* THE TASK: Return the data that follows exactly as it appears. Pictures do not belong in the copy.

* * *

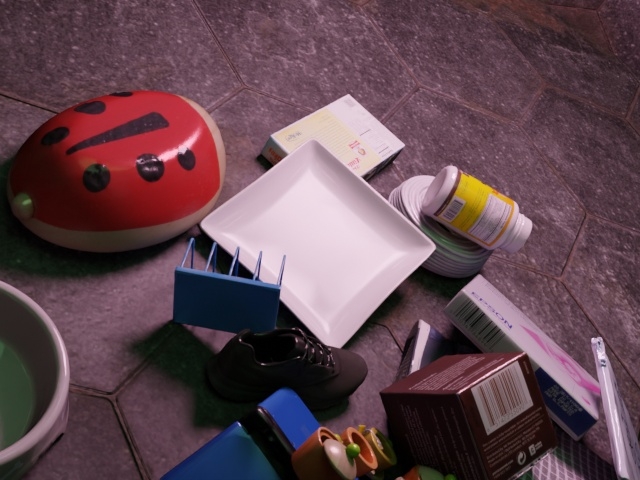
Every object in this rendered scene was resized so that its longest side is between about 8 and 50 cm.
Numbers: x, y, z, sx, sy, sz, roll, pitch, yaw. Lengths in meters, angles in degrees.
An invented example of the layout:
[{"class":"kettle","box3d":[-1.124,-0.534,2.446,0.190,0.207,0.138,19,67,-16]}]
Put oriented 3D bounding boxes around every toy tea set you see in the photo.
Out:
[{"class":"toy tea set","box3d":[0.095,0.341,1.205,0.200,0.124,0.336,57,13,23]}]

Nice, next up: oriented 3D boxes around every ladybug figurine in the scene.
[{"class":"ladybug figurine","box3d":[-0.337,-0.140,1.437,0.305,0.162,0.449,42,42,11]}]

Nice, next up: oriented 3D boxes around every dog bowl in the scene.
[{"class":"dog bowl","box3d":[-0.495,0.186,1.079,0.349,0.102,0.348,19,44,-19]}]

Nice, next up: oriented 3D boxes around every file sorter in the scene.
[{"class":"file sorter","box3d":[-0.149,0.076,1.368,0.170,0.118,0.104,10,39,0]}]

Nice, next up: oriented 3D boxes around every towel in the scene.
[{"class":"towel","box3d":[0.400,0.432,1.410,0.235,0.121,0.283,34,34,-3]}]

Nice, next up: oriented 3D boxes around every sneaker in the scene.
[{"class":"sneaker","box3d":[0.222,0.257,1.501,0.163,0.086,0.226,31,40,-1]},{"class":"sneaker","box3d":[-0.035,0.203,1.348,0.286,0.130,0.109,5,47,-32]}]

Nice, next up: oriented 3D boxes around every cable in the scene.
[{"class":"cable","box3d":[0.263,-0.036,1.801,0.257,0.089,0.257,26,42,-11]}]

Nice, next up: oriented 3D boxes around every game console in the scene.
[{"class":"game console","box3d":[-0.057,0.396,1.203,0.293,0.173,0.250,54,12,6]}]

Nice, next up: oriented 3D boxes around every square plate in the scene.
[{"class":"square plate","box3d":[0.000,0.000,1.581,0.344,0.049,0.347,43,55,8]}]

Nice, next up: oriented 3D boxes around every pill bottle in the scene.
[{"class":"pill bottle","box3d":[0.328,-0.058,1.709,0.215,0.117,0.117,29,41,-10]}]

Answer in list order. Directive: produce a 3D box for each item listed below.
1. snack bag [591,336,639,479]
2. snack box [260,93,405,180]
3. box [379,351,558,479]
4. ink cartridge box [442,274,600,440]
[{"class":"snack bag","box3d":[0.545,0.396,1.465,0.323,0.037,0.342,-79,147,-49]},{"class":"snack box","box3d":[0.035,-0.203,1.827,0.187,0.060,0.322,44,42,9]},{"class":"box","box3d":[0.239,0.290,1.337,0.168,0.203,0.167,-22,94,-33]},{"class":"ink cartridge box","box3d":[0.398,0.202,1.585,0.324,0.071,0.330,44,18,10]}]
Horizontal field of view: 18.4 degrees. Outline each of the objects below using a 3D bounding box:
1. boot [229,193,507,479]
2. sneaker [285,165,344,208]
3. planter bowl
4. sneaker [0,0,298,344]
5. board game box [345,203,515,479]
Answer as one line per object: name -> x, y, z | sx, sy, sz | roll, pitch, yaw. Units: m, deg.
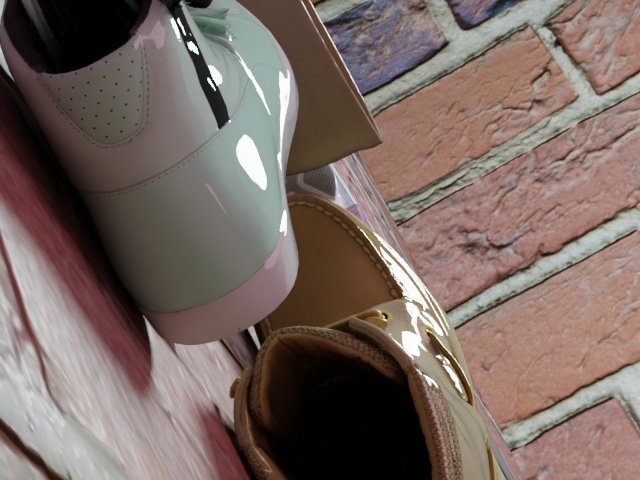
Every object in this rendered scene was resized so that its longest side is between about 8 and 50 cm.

* * *

* ANSWER BOX:
Every object in this rendered scene was resized so that its longest side is between about 8 and 50 cm.
Numbers: x, y, z, sx, sy, sz, roll, pitch, yaw. Lengths in meters, angles in degrees.
An invented example of the layout:
[{"class":"kettle","box3d":[-1.124,-0.534,2.446,0.190,0.207,0.138,19,67,-16]}]
Put oriented 3D bounding boxes around every toy tea set you see in the photo.
Out:
[{"class":"toy tea set","box3d":[0.095,0.341,1.205,0.200,0.124,0.336,57,13,23]}]

Nice, next up: oriented 3D boxes around every ladybug figurine in the scene.
[{"class":"ladybug figurine","box3d":[-0.337,-0.140,1.437,0.305,0.162,0.449,42,42,11]}]

Nice, next up: oriented 3D boxes around every dog bowl in the scene.
[{"class":"dog bowl","box3d":[-0.495,0.186,1.079,0.349,0.102,0.348,19,44,-19]}]

Nice, next up: oriented 3D boxes around every file sorter in the scene.
[{"class":"file sorter","box3d":[-0.149,0.076,1.368,0.170,0.118,0.104,10,39,0]}]

Nice, next up: oriented 3D boxes around every towel in the scene.
[{"class":"towel","box3d":[0.400,0.432,1.410,0.235,0.121,0.283,34,34,-3]}]

Nice, next up: oriented 3D boxes around every sneaker in the scene.
[{"class":"sneaker","box3d":[0.222,0.257,1.501,0.163,0.086,0.226,31,40,-1]},{"class":"sneaker","box3d":[-0.035,0.203,1.348,0.286,0.130,0.109,5,47,-32]}]

Nice, next up: oriented 3D boxes around every cable in the scene.
[{"class":"cable","box3d":[0.263,-0.036,1.801,0.257,0.089,0.257,26,42,-11]}]

Nice, next up: oriented 3D boxes around every game console in the scene.
[{"class":"game console","box3d":[-0.057,0.396,1.203,0.293,0.173,0.250,54,12,6]}]

Nice, next up: oriented 3D boxes around every square plate in the scene.
[{"class":"square plate","box3d":[0.000,0.000,1.581,0.344,0.049,0.347,43,55,8]}]

Nice, next up: oriented 3D boxes around every pill bottle in the scene.
[{"class":"pill bottle","box3d":[0.328,-0.058,1.709,0.215,0.117,0.117,29,41,-10]}]

Answer in list order. Directive: produce a 3D box for each item listed below.
1. snack bag [591,336,639,479]
2. snack box [260,93,405,180]
3. box [379,351,558,479]
4. ink cartridge box [442,274,600,440]
[{"class":"snack bag","box3d":[0.545,0.396,1.465,0.323,0.037,0.342,-79,147,-49]},{"class":"snack box","box3d":[0.035,-0.203,1.827,0.187,0.060,0.322,44,42,9]},{"class":"box","box3d":[0.239,0.290,1.337,0.168,0.203,0.167,-22,94,-33]},{"class":"ink cartridge box","box3d":[0.398,0.202,1.585,0.324,0.071,0.330,44,18,10]}]
Horizontal field of view: 18.4 degrees. Outline each of the objects below using a 3D bounding box:
1. boot [229,193,507,479]
2. sneaker [285,165,344,208]
3. planter bowl
4. sneaker [0,0,298,344]
5. board game box [345,203,515,479]
Answer as one line per object: name -> x, y, z | sx, sy, sz | roll, pitch, yaw. Units: m, deg.
Every object in this rendered scene was resized so that its longest side is between about 8 and 50 cm.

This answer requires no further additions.